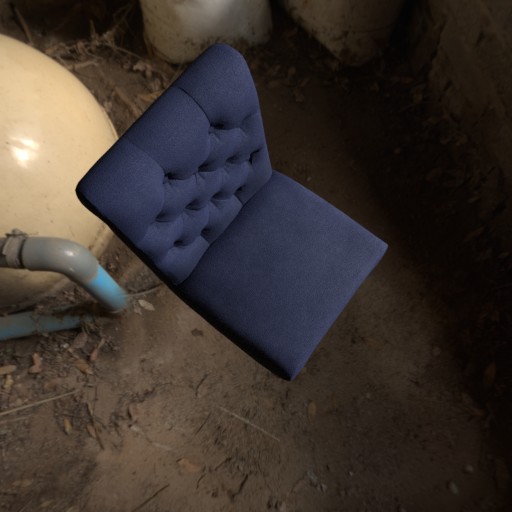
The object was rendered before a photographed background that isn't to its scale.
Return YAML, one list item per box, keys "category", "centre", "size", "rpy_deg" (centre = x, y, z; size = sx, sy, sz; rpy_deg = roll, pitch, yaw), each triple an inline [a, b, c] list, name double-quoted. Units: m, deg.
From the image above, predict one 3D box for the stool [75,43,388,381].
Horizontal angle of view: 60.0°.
- category: "stool"
  centre: [0.000, 0.000, 1.342]
  size: [0.601, 1.010, 0.493]
  rpy_deg: [37, 77, 10]
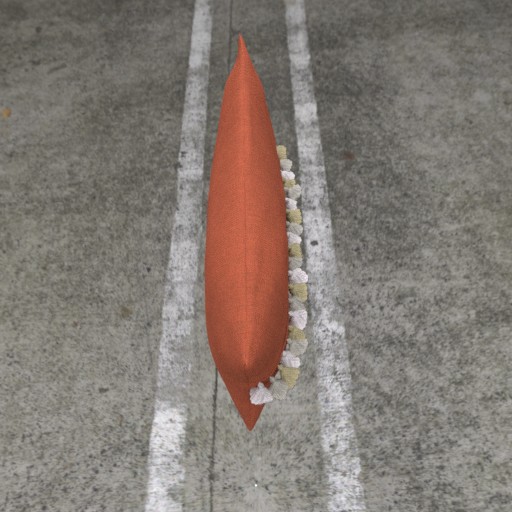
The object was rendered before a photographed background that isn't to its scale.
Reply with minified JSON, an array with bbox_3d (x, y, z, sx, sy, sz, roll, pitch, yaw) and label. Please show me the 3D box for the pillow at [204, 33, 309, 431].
[{"bbox_3d":[0.000,0.000,0.729,0.165,0.482,0.490,-1,63,-1],"label":"pillow"}]
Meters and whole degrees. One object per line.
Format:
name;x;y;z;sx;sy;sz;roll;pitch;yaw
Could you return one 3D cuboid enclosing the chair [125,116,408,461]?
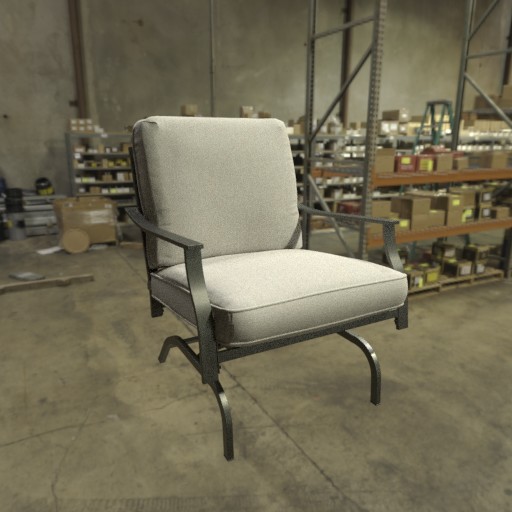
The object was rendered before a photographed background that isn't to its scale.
chair;0.000;0.000;1.406;0.650;0.860;0.787;-8;17;-28
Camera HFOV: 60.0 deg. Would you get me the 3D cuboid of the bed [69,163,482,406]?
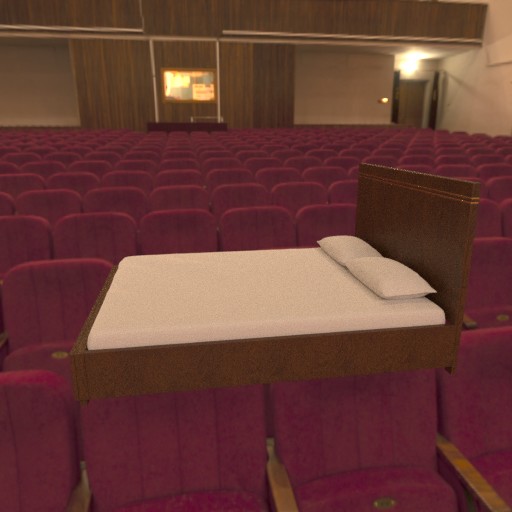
__________
> [Exercise prompt] Would you please print out all the records above exactly, minus any pictures?

> [Worked solution]
The object was rendered before a photographed background that isn't to its scale.
Return YAML, one list item per box, keys "category", "centre", "size", "rpy_deg" (centre = x, y, z; size = sx, sy, sz; rpy_deg = roll, pitch, yaw), each triple an inline [a, b, c] list, name double-quoted. Units: m, deg.
From the image above, predict one 3D box for the stool [75,43,388,381].
Horizontal angle of view: 60.0°.
- category: "stool"
  centre: [0.000, 0.000, 1.342]
  size: [0.601, 1.010, 0.493]
  rpy_deg: [37, 77, 10]
The object was rendered before a photographed background that isn't to its scale.
Reply with minified JSON, an array with bbox_3d (x, y, z, sx, sy, sz, roll, pitch, yaw) and label. Please show me the 3D box for the pillow at [204, 33, 309, 431].
[{"bbox_3d":[0.000,0.000,0.729,0.165,0.482,0.490,-1,63,-1],"label":"pillow"}]
Meters and whole degrees. One object per line.
Format:
name;x;y;z;sx;sy;sz;roll;pitch;yaw
Could you return one 3D cuboid enclosing the chair [125,116,408,461]?
The object was rendered before a photographed background that isn't to its scale.
chair;0.000;0.000;1.406;0.650;0.860;0.787;-8;17;-28
Camera HFOV: 60.0 deg. Would you get me the 3D cuboid of the bed [69,163,482,406]?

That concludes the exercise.